▸ **Exercise aim**
For the entries below, count the lines that contain the word "coordinate" and reply with that number only.
<<<<
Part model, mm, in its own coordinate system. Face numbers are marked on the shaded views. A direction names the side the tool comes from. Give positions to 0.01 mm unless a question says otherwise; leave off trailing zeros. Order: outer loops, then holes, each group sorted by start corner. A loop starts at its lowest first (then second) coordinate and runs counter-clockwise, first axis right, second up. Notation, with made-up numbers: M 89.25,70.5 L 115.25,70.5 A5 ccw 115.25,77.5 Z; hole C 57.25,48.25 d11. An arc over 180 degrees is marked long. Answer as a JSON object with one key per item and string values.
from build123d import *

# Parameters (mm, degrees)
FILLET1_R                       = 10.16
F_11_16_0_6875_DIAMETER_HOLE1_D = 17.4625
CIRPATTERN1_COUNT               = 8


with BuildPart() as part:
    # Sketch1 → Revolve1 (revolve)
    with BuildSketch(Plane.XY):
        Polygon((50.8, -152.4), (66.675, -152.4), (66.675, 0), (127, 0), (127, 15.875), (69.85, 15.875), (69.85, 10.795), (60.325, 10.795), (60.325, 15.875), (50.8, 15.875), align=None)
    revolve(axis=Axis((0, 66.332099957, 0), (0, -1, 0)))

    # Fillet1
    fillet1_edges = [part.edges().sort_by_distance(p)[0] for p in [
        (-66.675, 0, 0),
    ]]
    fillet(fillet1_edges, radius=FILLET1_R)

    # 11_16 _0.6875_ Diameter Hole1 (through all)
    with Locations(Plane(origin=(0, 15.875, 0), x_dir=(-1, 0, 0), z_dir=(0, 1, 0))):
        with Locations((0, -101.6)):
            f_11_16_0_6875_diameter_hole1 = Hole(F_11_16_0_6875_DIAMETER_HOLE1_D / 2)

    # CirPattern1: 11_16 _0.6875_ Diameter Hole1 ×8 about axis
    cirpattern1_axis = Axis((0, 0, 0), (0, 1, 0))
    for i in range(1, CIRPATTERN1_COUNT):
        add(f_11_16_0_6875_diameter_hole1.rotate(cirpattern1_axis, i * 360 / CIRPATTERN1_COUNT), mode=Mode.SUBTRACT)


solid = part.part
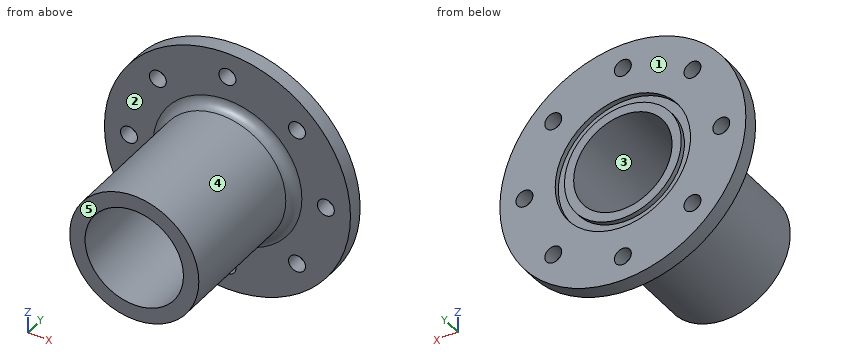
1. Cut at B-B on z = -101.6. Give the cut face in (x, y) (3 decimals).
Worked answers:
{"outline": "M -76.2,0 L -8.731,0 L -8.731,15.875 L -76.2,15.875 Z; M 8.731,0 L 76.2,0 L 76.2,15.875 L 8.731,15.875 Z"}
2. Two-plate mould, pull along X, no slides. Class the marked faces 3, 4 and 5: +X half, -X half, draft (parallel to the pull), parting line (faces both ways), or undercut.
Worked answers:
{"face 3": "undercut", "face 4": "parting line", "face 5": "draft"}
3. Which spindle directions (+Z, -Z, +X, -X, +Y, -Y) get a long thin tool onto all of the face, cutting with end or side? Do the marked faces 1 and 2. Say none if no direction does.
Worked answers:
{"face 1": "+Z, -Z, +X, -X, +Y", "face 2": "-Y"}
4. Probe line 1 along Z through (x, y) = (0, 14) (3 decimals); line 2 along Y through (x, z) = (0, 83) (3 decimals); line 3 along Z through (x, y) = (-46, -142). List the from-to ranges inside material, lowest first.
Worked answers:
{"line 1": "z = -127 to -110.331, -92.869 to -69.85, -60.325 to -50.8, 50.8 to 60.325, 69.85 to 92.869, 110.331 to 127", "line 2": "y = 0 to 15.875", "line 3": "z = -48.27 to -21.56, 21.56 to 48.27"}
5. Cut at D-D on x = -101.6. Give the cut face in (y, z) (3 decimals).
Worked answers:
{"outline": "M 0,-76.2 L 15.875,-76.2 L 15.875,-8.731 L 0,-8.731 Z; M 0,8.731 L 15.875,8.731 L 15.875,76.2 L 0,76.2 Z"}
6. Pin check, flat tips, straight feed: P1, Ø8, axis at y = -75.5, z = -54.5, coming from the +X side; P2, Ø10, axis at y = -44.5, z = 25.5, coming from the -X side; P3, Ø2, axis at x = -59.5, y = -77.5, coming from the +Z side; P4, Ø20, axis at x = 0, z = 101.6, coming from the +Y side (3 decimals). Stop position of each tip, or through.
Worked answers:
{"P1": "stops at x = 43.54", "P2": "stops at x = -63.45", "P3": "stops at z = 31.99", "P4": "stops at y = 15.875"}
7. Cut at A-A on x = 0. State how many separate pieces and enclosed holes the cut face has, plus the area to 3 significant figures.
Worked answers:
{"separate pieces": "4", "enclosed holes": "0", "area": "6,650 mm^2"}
>>>>
<<<<
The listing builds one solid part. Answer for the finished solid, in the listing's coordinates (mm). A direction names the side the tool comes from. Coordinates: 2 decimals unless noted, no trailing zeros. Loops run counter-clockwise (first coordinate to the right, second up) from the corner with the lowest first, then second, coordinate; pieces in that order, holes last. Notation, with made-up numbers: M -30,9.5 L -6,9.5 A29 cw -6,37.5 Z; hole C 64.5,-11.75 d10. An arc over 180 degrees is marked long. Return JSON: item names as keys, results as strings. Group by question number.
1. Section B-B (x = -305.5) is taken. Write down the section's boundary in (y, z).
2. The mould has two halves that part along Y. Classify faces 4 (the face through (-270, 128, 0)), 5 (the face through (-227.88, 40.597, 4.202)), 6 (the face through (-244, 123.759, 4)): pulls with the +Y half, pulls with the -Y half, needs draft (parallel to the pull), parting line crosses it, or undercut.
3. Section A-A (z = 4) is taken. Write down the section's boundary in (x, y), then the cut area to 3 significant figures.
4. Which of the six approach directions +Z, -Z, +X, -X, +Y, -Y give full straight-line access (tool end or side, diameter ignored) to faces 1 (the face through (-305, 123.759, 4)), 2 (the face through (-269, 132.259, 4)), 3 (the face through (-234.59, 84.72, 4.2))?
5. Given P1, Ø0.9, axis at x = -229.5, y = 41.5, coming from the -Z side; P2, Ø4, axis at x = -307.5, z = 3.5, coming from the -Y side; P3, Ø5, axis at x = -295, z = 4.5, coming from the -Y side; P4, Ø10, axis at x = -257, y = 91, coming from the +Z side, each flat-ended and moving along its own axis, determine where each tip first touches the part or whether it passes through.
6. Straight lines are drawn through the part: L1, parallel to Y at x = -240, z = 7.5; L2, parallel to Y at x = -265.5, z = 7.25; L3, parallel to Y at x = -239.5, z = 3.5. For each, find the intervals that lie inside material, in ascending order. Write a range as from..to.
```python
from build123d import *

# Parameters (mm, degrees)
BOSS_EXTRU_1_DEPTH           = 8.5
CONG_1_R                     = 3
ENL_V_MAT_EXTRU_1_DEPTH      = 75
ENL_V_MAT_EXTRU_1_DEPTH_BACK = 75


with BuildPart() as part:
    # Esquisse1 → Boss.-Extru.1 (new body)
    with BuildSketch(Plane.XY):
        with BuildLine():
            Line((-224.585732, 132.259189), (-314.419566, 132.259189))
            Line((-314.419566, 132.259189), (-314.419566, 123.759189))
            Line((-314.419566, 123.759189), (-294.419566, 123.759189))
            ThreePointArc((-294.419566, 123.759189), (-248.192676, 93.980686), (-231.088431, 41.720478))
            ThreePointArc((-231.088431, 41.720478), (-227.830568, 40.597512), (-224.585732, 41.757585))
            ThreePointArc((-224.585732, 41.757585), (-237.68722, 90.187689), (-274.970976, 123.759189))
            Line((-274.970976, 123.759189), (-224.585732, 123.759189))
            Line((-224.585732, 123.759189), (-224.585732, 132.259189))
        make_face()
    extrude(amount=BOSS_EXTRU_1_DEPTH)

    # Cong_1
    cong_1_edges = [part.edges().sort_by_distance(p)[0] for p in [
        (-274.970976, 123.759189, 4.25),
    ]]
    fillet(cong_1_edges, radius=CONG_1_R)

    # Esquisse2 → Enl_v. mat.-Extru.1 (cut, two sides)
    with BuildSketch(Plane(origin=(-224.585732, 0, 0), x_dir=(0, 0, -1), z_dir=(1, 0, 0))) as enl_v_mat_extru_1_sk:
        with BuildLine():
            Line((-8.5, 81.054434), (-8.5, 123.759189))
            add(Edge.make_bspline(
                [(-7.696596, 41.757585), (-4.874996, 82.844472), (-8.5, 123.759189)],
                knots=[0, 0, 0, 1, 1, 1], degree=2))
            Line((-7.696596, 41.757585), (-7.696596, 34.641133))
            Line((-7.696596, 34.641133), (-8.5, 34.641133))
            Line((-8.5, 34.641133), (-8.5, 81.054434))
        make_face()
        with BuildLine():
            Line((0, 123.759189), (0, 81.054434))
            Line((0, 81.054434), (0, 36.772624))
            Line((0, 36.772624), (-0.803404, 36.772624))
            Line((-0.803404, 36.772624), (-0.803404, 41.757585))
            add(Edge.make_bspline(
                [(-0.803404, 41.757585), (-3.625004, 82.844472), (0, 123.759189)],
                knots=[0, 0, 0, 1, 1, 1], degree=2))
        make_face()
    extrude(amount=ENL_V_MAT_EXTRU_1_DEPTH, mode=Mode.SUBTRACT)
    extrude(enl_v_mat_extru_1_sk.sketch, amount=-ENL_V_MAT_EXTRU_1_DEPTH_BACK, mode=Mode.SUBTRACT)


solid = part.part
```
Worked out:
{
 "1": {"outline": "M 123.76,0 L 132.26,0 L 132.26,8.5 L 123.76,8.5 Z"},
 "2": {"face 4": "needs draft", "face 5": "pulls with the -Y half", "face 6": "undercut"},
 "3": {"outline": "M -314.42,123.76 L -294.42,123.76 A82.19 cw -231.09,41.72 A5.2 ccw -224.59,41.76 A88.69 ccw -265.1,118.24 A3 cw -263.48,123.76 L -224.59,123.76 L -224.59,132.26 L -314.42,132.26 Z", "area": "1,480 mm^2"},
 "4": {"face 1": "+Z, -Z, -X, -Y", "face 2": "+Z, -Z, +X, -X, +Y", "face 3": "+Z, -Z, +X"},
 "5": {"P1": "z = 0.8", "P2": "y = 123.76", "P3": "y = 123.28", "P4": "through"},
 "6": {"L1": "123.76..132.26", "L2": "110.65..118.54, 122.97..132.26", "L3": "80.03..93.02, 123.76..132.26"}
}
>>>>
▸ **Reply to the task**
2